Not as fast as claimed

Support software, supplied on CD, includes a well laid-out driver, which offers support for page collation, multiple pages per sheet, watermarks and control of duplex print, which is standard on the E260DN. There's also a network support applet, so you can access printer status from any machine running it. Both PCL 6 and PostScript Level 3 are provided in emulation, and there are drivers available for Windows 2000 upwards, Mac from OS 9 onwards, and several species of Linux.

Lexmark E260DN

Is this fiddly wire really necessary? Er... no

Lexmark claims a speed of 33ppm for this machine, but it's hard to see how it arrives at this figure. We started testing with a standard, five-page text document and timed, as always, from clicking OK in the Print dialog, to the last page arriving in the output tray. This takes account of processing time, as well as physical printing and is a more practical measure, as you can't do anything with a document until the printer has finished producing it.

The five-page test completed in 19 seconds, equivalent to 15.8ppm - less than half the stated figure. Running a 20-page document, where processing time is a smaller proportion of the complete print, increased the measured speed to 20ppm, but this is still less than two-thirds of the spec sheet figure.

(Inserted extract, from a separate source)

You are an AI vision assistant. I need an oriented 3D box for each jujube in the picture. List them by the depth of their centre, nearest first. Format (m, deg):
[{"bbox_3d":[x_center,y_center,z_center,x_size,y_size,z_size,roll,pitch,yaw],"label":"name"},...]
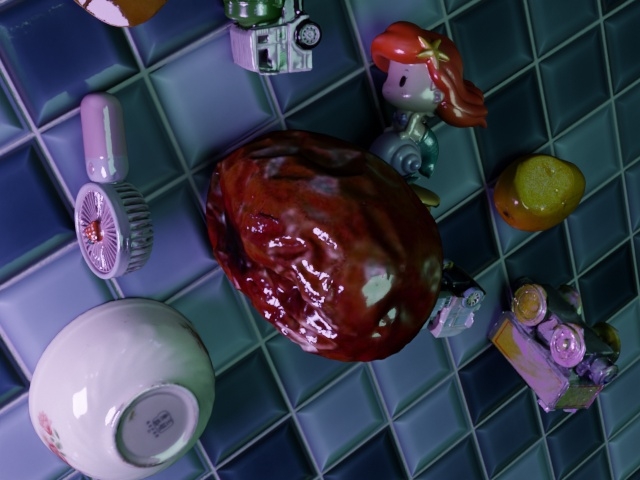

When we switched to draft mode, a trick most printer manufacturers use to produce their headline speeds, there wasn't much of an improvement. The 20-page test, which completed in a minute in normal mode, only speeded up by five seconds when we printed in draft, giving a draft mode speed of just under 22ppm.

The only way we can see Lexmark could reach 33ppm is printing pages with very little text on them, not typical of most office documents. Printing a five-page text and graphics document took 16 seconds, or 18.8ppm - slightly faster than the all-text pages.

Lexmark E260DN

Well ventilated

Printing the 20-page document in duplex mode produced a speed of 7.5ppm or 15 sides per minute. It’s very unusual for duplex print to take only a third longer than single-sided output and this is a pretty good result for a machine costing under £200.